__How to complete this task__:
Look through the lines below; wherever the word "pedestrian" appears, copy that line.

__Supplied material__:
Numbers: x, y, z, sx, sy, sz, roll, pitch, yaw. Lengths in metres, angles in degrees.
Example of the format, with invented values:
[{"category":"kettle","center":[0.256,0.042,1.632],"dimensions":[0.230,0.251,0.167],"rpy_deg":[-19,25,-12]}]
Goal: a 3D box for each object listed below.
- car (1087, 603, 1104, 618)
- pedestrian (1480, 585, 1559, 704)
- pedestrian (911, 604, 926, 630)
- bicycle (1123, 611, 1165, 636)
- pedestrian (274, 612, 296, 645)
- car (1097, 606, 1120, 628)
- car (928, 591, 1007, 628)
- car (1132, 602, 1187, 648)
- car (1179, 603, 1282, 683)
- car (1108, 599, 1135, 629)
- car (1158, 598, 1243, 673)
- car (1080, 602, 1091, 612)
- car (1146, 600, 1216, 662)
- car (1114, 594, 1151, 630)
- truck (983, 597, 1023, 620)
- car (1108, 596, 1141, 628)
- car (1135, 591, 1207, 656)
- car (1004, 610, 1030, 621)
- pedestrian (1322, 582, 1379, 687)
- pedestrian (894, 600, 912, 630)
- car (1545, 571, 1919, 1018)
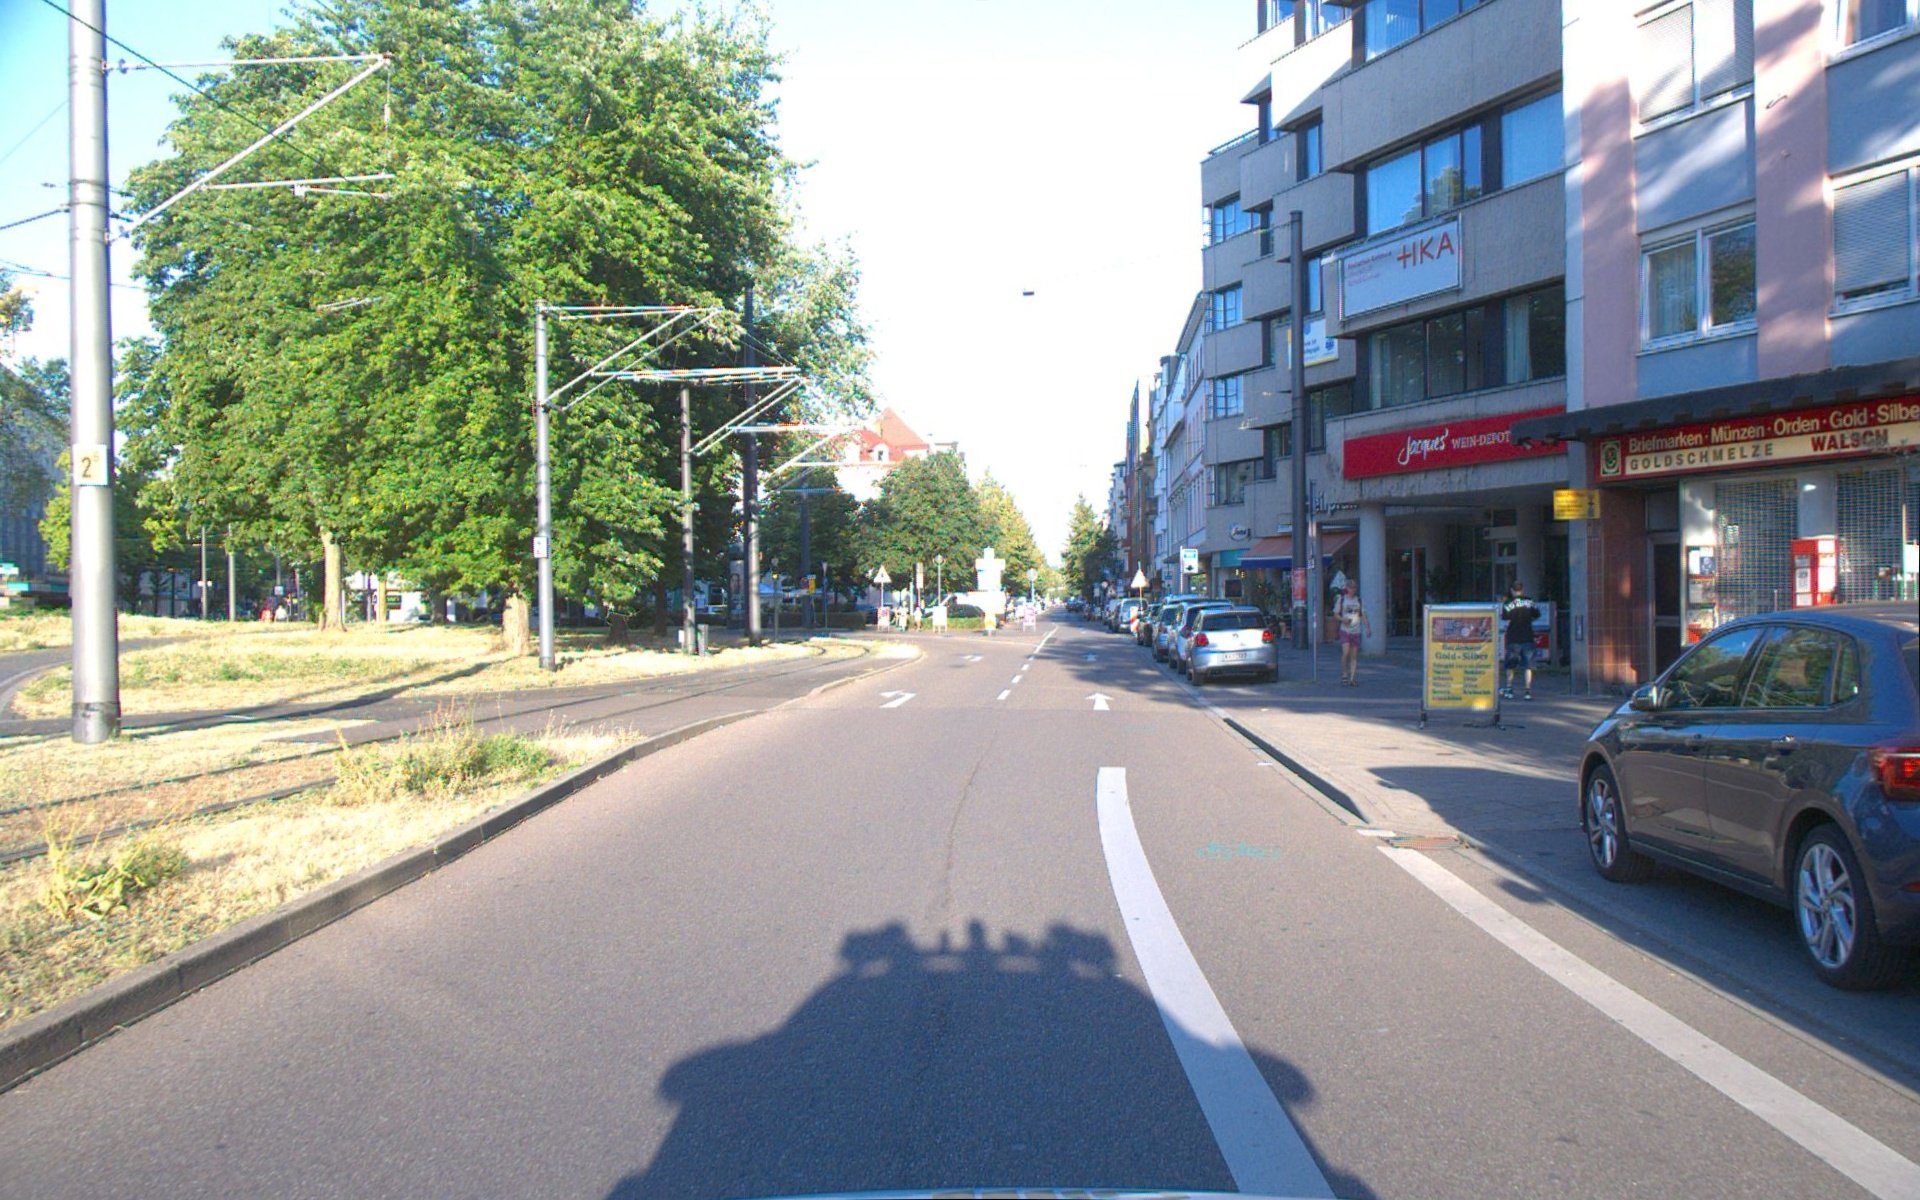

__Output below__:
- pedestrian (1480, 585, 1559, 704)
- pedestrian (911, 604, 926, 630)
- pedestrian (274, 612, 296, 645)
- pedestrian (1322, 582, 1379, 687)
- pedestrian (894, 600, 912, 630)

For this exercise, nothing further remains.